The relief-limited potential forest area (PFAr) obtained from this study suggests a potential for forest expansion, both downslope towards the basins, and upslope towards the high-mountain area. Pediments that widely cover the toe slopes in the study area generally provide suitable geoecological conditions for tree growth, as confirmed by several existing small forest stands there. Nevertheless, steppe vegetation predominates on the pediments, mainly because of herbivore grazing (Hilbig 1995). The climate-limited potential forest area (PFAc) obtained from this study yielded a lower treeline where dry conditions of the basins prevent tree growth, coinciding with the present lower forest boundaries. Existence of forests below the threshold of 160 mm MAP can be explained by additional water supply through lateral water fluxes, cumulating in concave positions and toe slopes (Klinge et al. 2021). The PFAc moreover suggests a potential for greater forest areas on south-facing slopes. This mismatch reconfirms that MAP and MGST alone cannot explain forest distribution, which is a result of a more complex causal network as explained in the beginning of this chapter. Short growing seasons and long-lasting snow cover prevent the expansion of forests into upper valleys and onto the mountain plateaus of the high-mountain area in the south. Another limiting factor there is the extensive use of alpine meadows as summer pastures. The upper treeline rises from 2400 m a.s.l. in the north to 2600 m a.s.l. in the south of the study area. Thereby, small treeless areas on the flat summits of the northern mountains may result from the so-called “summit effect” (Körner 2012), i.e., particularly harsh conditions near summits, rather than from a true upper treeline. The projected PFAs suggest more large forests and considerably less small, fragmented forest stands in the steppe-dominated area in the northern part of the study area, assuming potential forest-dominated area there. A shift from potential forest-dominated area to the presently observed steppe-dominated area may have been partially triggered by natural factors such as fire, windbreak, insect calamities, and drought, but logging and forest pasture most likely caused major forest losses in this area. Given the permafrost-promoting effect of large forests, the proposed forest-dominated area scenario for the northern part of the study area would involve also greater abundance of permafrost in this area.

Impact of fire

The forest area that burnt down between 1986 and 2017 amounts to 12.8% of the total study area. The loss of living-tree biomass since the last century adds up to roughly 15 million tons, which represents more than 45% of the former tree biomass. Nyamjav et al. (2007) stated that 95% of the actual forest destruction was caused by forest fires, whereas 5% was due to logging. The authors reported an increase of fire events in Mongolia during the past decades. Goldammer (2002) assumed that most of the fires were caused by human activities. Hessl et al. (2012) investigated fire history over the past 450 years based on tree ring analysis. In agreement with results from the Tuva region in southern Siberia (Ivanova et al. 2010), the authors did not detect an increase in fire frequency during the last decades, but fires became more severe due to drier conditions. The limited contemporaneity of fire events at different sites pointed to fire-raising by humans (Hessl et al. 2012). On the other hand, human impact may also lead to reduced destructiveness of fires, as wood gathering and intensive grazing of livestock reduce available fuel for fires (Umbanhowar et al. 2009; Hessl et al. 2012).

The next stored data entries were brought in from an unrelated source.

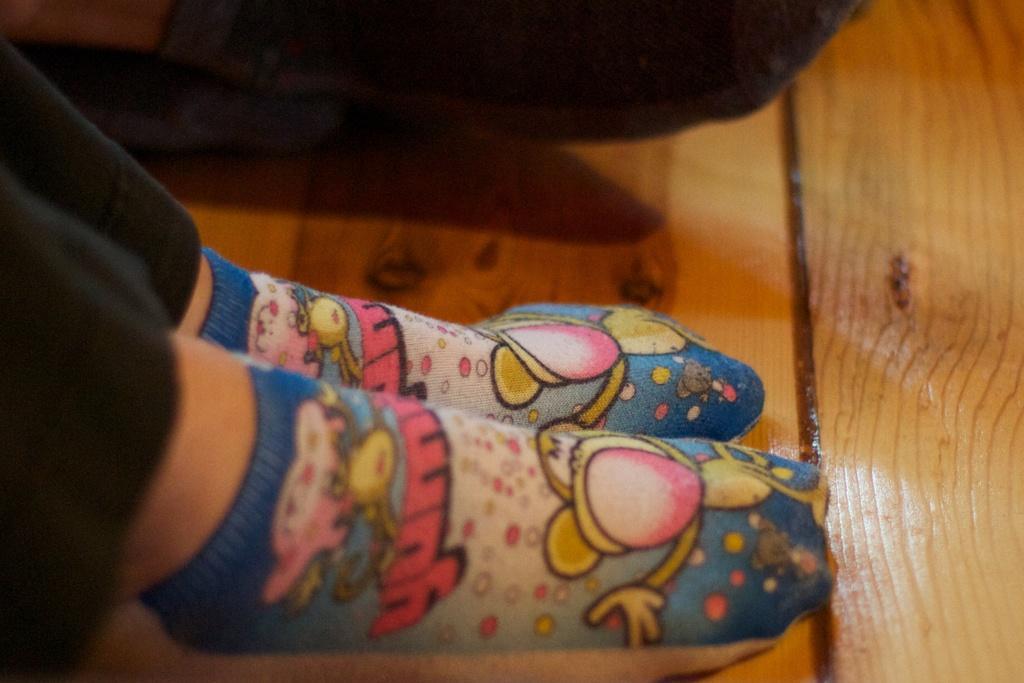Describe this image in one or two sentences. In this picture we can observe socks which are in blue and white color to the human legs. We can observe a black color pant. There is a wooden floor which is in brown color in the background. 
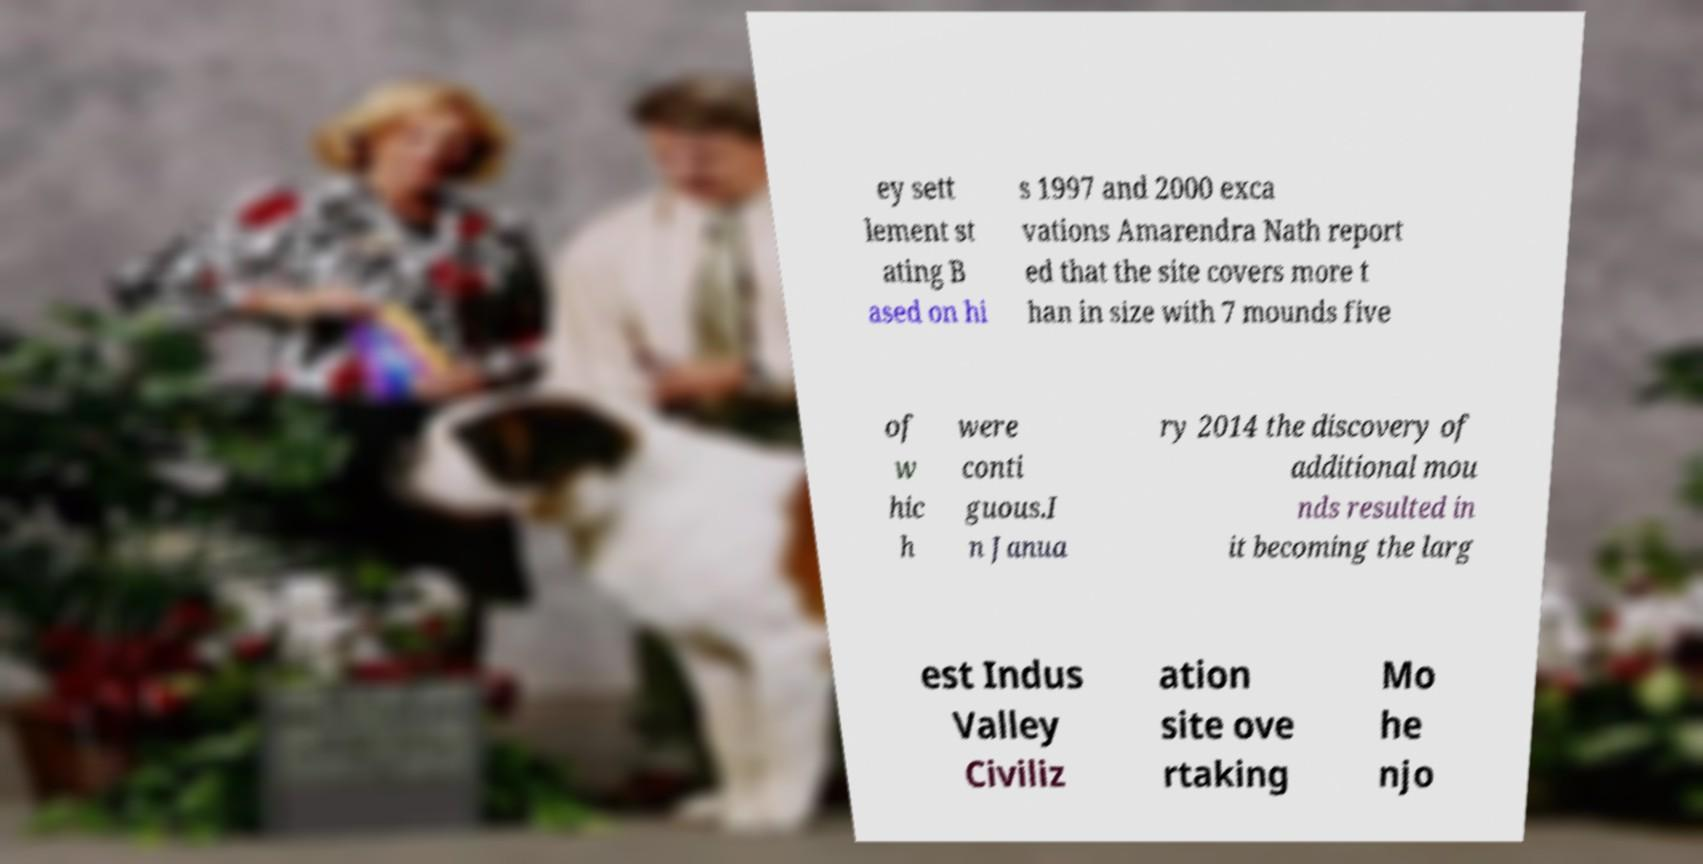Can you accurately transcribe the text from the provided image for me? ey sett lement st ating B ased on hi s 1997 and 2000 exca vations Amarendra Nath report ed that the site covers more t han in size with 7 mounds five of w hic h were conti guous.I n Janua ry 2014 the discovery of additional mou nds resulted in it becoming the larg est Indus Valley Civiliz ation site ove rtaking Mo he njo 
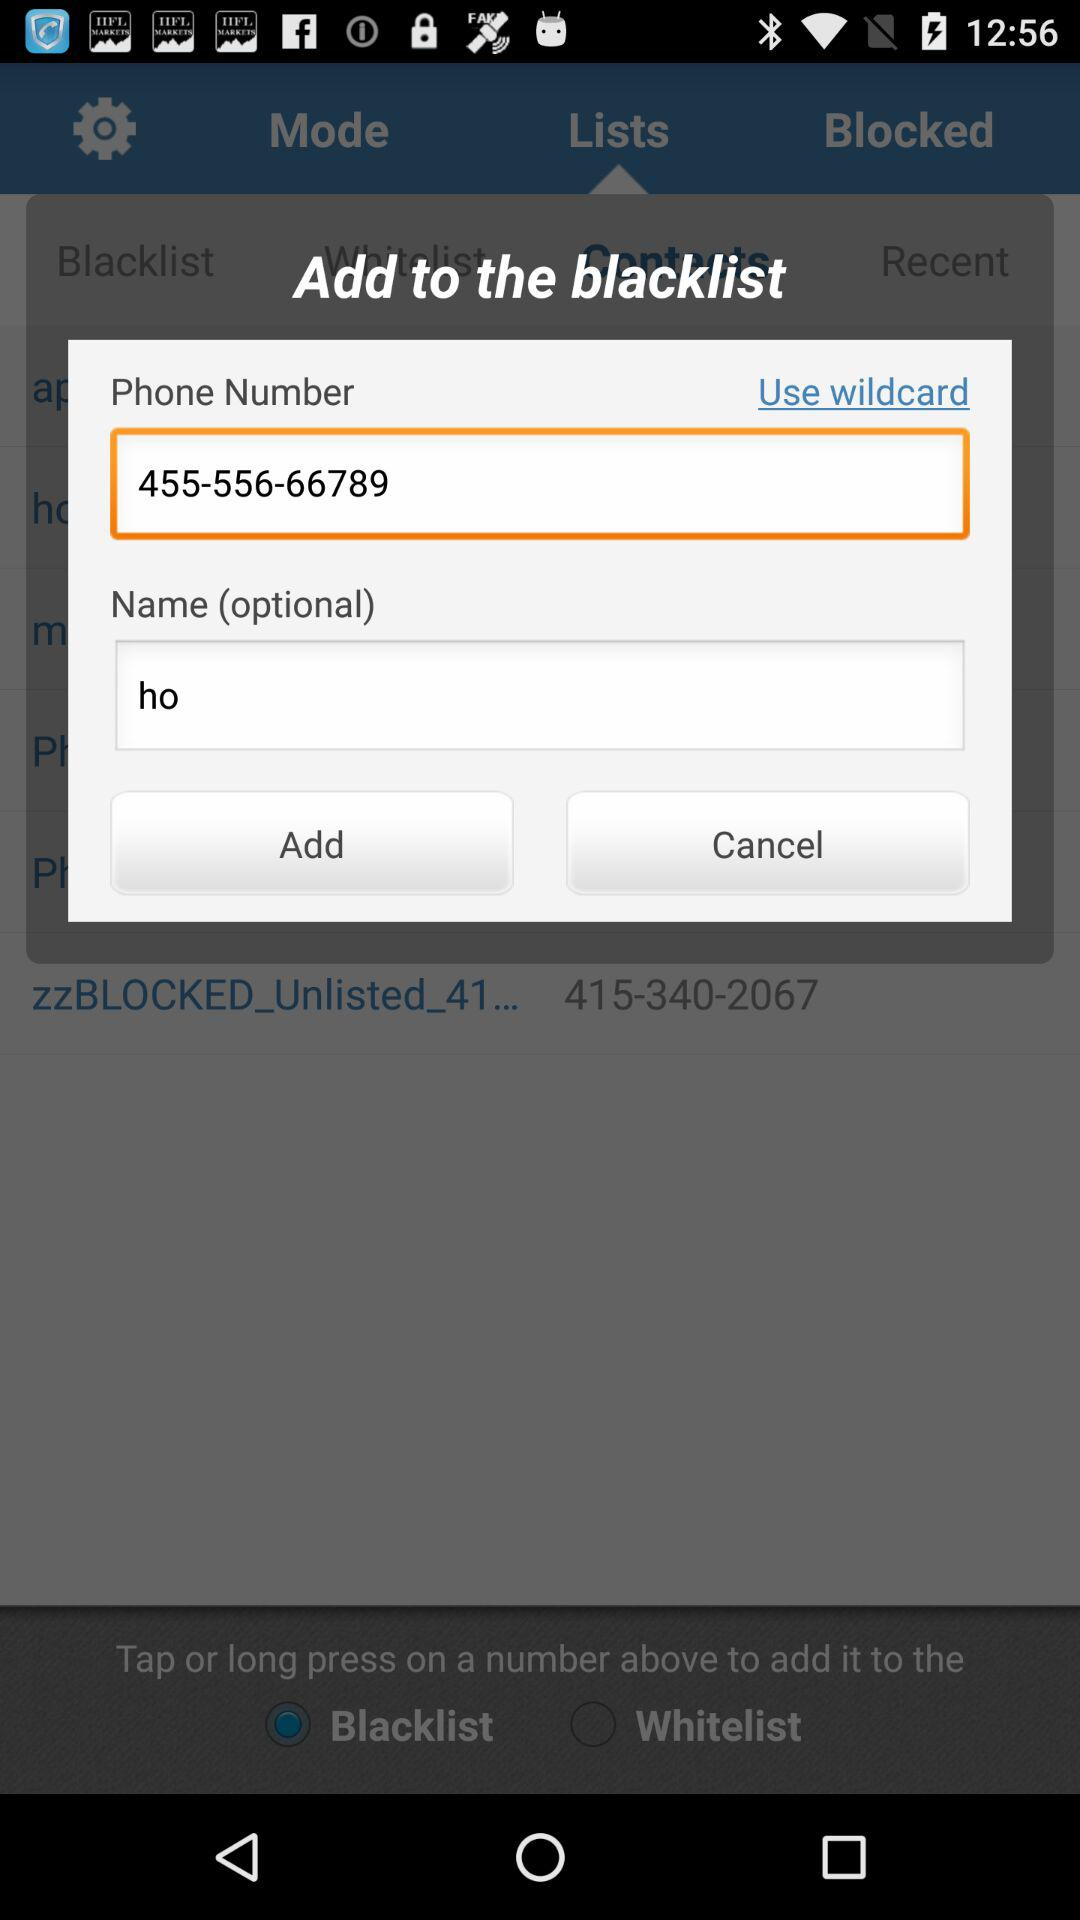What is the phone number? The phone number is 455-556-66789. 
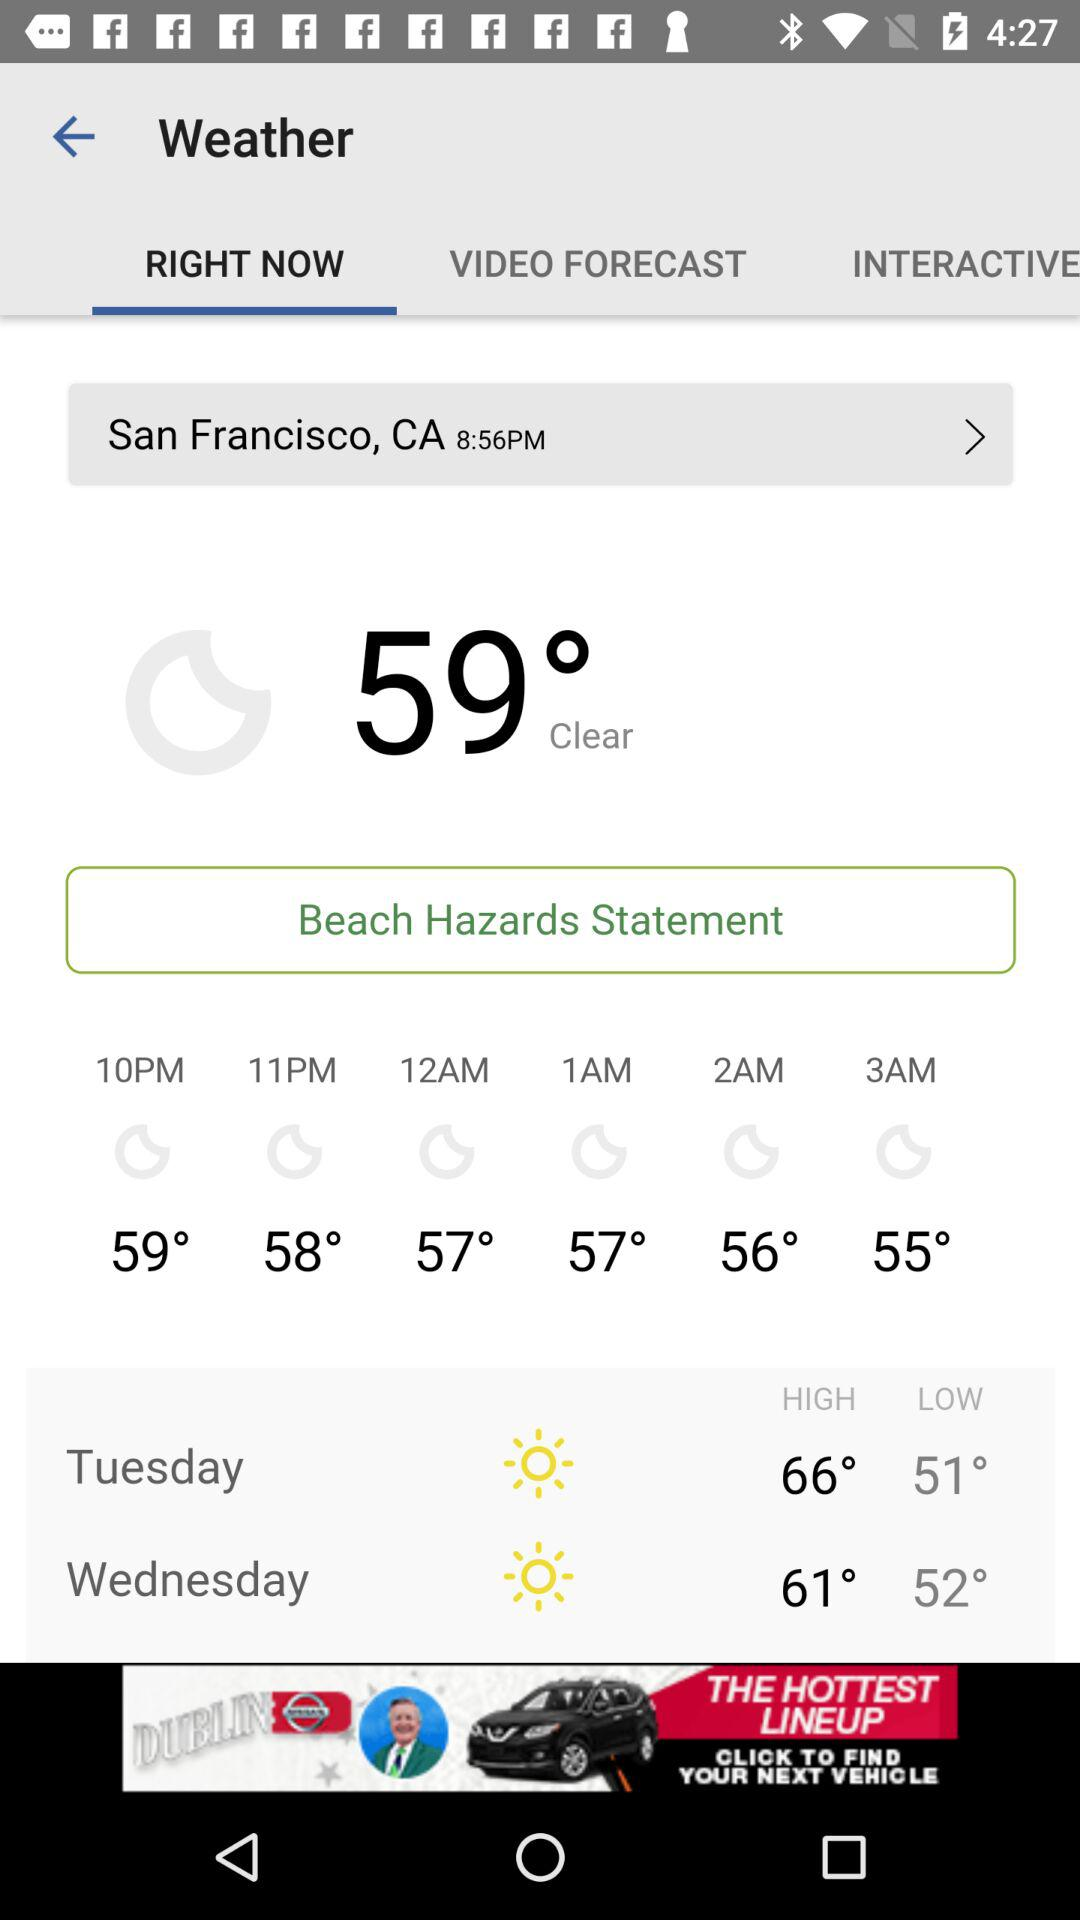What will be the low temperature on Tuesday? The low temperature is 51°.

Although the most extensive forest fires in this area occurred already in 2002, forests have not yet re-established in many burnt forest areas. The most extensive burnt forest areas are located in the large forests of the high-mountain area and in the upper mountains in the forest-dominated area. In contrast, only few burnt forest areas occur in the small and fragmented forests of the steppe-dominated area. We conclude that forest fragmentation in the steppe-dominated area prevents forest fires from passing over into neighbouring forest stands and keeps fires rather isolated. The decrease of large forests (size class F4) by fire led to an increase in small, fragmented forest stands (size class F1), representing remnants of the former large forests. This change induced loss of permafrost in these areas. Surviving larch trees in the remaining forest remnants show enhanced fructification (Danilin and Tsogt 2014). Their important role as nuclei for forest regeneration is demonstrated by numerous seedlings and saplings growing in the direct surrounding of the forest remnants, in the shade of the old trees. Thus, a slow but steady re-immigration of larch trees into the burnt area proceeds from these forest remnants. It may take up to 200 years until a forest regenerates to its state prior to a fire (Nyamjav et al. 2007).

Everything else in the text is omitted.